• RECORDS
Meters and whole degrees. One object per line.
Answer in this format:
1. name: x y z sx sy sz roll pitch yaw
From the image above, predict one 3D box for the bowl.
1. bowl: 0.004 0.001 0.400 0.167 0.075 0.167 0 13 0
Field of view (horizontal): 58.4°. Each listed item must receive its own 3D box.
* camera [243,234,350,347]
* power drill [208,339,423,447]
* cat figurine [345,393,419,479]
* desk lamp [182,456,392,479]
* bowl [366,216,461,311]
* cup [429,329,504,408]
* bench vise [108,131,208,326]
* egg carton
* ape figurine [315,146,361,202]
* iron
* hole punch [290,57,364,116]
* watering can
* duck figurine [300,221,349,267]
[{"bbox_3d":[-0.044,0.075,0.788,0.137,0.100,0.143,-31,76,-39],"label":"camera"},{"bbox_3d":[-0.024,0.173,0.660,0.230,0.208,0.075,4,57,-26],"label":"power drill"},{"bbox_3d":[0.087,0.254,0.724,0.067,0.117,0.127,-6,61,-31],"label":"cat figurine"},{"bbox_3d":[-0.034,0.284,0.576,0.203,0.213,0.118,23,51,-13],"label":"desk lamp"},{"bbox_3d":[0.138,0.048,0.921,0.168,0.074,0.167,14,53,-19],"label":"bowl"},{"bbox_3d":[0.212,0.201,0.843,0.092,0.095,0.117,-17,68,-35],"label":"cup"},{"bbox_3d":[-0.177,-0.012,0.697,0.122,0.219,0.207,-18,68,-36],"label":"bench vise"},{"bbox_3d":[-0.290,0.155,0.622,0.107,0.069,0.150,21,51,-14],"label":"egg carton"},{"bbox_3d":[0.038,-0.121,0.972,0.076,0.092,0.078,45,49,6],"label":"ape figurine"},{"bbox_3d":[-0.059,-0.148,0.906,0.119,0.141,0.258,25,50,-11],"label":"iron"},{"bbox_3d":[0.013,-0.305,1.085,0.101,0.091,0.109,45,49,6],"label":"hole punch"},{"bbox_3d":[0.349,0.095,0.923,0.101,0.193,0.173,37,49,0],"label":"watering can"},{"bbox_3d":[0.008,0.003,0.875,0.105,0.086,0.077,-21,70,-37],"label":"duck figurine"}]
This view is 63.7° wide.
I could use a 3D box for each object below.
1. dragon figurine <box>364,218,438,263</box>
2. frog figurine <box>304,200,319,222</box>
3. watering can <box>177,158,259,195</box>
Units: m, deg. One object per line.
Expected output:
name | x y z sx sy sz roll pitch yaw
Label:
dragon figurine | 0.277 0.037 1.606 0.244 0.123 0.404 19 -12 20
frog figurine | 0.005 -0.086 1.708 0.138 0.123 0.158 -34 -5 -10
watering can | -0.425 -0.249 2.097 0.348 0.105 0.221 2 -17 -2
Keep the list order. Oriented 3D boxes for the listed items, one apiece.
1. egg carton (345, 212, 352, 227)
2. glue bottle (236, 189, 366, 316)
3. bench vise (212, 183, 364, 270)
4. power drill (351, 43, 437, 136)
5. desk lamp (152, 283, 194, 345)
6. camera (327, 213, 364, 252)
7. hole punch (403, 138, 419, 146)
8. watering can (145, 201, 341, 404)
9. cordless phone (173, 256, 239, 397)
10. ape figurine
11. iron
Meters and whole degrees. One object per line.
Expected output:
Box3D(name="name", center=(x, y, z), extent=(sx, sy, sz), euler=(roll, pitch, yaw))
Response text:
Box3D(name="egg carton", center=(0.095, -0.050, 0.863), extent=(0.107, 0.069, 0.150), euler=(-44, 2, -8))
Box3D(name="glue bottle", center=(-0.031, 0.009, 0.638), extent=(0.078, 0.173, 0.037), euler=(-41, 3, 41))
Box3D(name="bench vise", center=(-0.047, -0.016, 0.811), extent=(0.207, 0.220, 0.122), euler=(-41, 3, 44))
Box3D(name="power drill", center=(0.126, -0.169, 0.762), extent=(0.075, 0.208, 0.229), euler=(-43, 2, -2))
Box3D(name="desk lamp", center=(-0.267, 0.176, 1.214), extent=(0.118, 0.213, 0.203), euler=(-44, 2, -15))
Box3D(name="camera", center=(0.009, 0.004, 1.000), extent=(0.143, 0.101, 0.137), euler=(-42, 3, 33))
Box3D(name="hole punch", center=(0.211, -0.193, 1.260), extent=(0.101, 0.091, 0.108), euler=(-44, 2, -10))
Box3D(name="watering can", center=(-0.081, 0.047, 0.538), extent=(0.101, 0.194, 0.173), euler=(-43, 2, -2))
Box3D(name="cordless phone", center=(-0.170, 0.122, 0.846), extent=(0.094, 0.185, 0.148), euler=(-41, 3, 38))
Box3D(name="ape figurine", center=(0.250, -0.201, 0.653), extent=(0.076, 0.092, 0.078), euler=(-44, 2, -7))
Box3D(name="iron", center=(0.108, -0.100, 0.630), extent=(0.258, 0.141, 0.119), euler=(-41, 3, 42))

• WHAT YOU SHOULD DO
Every line above is to be transcribed exactly, with nothing missed.

• WORKED SOLUTION
Meters and whole degrees. One object per line.
Answer in this format:
1. name: x y z sx sy sz roll pitch yaw
From the image above, predict one 3D box for the bowl.
1. bowl: 0.004 0.001 0.400 0.167 0.075 0.167 0 13 0
Field of view (horizontal): 58.4°. Each listed item must receive its own 3D box.
* camera [243,234,350,347]
* power drill [208,339,423,447]
* cat figurine [345,393,419,479]
* desk lamp [182,456,392,479]
* bowl [366,216,461,311]
* cup [429,329,504,408]
* bench vise [108,131,208,326]
* egg carton
* ape figurine [315,146,361,202]
* iron
* hole punch [290,57,364,116]
* watering can
* duck figurine [300,221,349,267]
[{"bbox_3d":[-0.044,0.075,0.788,0.137,0.100,0.143,-31,76,-39],"label":"camera"},{"bbox_3d":[-0.024,0.173,0.660,0.230,0.208,0.075,4,57,-26],"label":"power drill"},{"bbox_3d":[0.087,0.254,0.724,0.067,0.117,0.127,-6,61,-31],"label":"cat figurine"},{"bbox_3d":[-0.034,0.284,0.576,0.203,0.213,0.118,23,51,-13],"label":"desk lamp"},{"bbox_3d":[0.138,0.048,0.921,0.168,0.074,0.167,14,53,-19],"label":"bowl"},{"bbox_3d":[0.212,0.201,0.843,0.092,0.095,0.117,-17,68,-35],"label":"cup"},{"bbox_3d":[-0.177,-0.012,0.697,0.122,0.219,0.207,-18,68,-36],"label":"bench vise"},{"bbox_3d":[-0.290,0.155,0.622,0.107,0.069,0.150,21,51,-14],"label":"egg carton"},{"bbox_3d":[0.038,-0.121,0.972,0.076,0.092,0.078,45,49,6],"label":"ape figurine"},{"bbox_3d":[-0.059,-0.148,0.906,0.119,0.141,0.258,25,50,-11],"label":"iron"},{"bbox_3d":[0.013,-0.305,1.085,0.101,0.091,0.109,45,49,6],"label":"hole punch"},{"bbox_3d":[0.349,0.095,0.923,0.101,0.193,0.173,37,49,0],"label":"watering can"},{"bbox_3d":[0.008,0.003,0.875,0.105,0.086,0.077,-21,70,-37],"label":"duck figurine"}]
This view is 63.7° wide.
I could use a 3D box for each object below.
1. dragon figurine <box>364,218,438,263</box>
2. frog figurine <box>304,200,319,222</box>
3. watering can <box>177,158,259,195</box>
Units: m, deg. One object per line.
Expected output:
name | x y z sx sy sz roll pitch yaw
Label:
dragon figurine | 0.277 0.037 1.606 0.244 0.123 0.404 19 -12 20
frog figurine | 0.005 -0.086 1.708 0.138 0.123 0.158 -34 -5 -10
watering can | -0.425 -0.249 2.097 0.348 0.105 0.221 2 -17 -2
Keep the list order. Oriented 3D boxes for the listed items, one apiece.
1. egg carton (345, 212, 352, 227)
2. glue bottle (236, 189, 366, 316)
3. bench vise (212, 183, 364, 270)
4. power drill (351, 43, 437, 136)
5. desk lamp (152, 283, 194, 345)
6. camera (327, 213, 364, 252)
7. hole punch (403, 138, 419, 146)
8. watering can (145, 201, 341, 404)
9. cordless phone (173, 256, 239, 397)
10. ape figurine
11. iron
Meters and whole degrees. One object per line.
Expected output:
Box3D(name="name", center=(x, y, z), extent=(sx, sy, sz), euler=(roll, pitch, yaw))
Response text:
Box3D(name="egg carton", center=(0.095, -0.050, 0.863), extent=(0.107, 0.069, 0.150), euler=(-44, 2, -8))
Box3D(name="glue bottle", center=(-0.031, 0.009, 0.638), extent=(0.078, 0.173, 0.037), euler=(-41, 3, 41))
Box3D(name="bench vise", center=(-0.047, -0.016, 0.811), extent=(0.207, 0.220, 0.122), euler=(-41, 3, 44))
Box3D(name="power drill", center=(0.126, -0.169, 0.762), extent=(0.075, 0.208, 0.229), euler=(-43, 2, -2))
Box3D(name="desk lamp", center=(-0.267, 0.176, 1.214), extent=(0.118, 0.213, 0.203), euler=(-44, 2, -15))
Box3D(name="camera", center=(0.009, 0.004, 1.000), extent=(0.143, 0.101, 0.137), euler=(-42, 3, 33))
Box3D(name="hole punch", center=(0.211, -0.193, 1.260), extent=(0.101, 0.091, 0.108), euler=(-44, 2, -10))
Box3D(name="watering can", center=(-0.081, 0.047, 0.538), extent=(0.101, 0.194, 0.173), euler=(-43, 2, -2))
Box3D(name="cordless phone", center=(-0.170, 0.122, 0.846), extent=(0.094, 0.185, 0.148), euler=(-41, 3, 38))
Box3D(name="ape figurine", center=(0.250, -0.201, 0.653), extent=(0.076, 0.092, 0.078), euler=(-44, 2, -7))
Box3D(name="iron", center=(0.108, -0.100, 0.630), extent=(0.258, 0.141, 0.119), euler=(-41, 3, 42))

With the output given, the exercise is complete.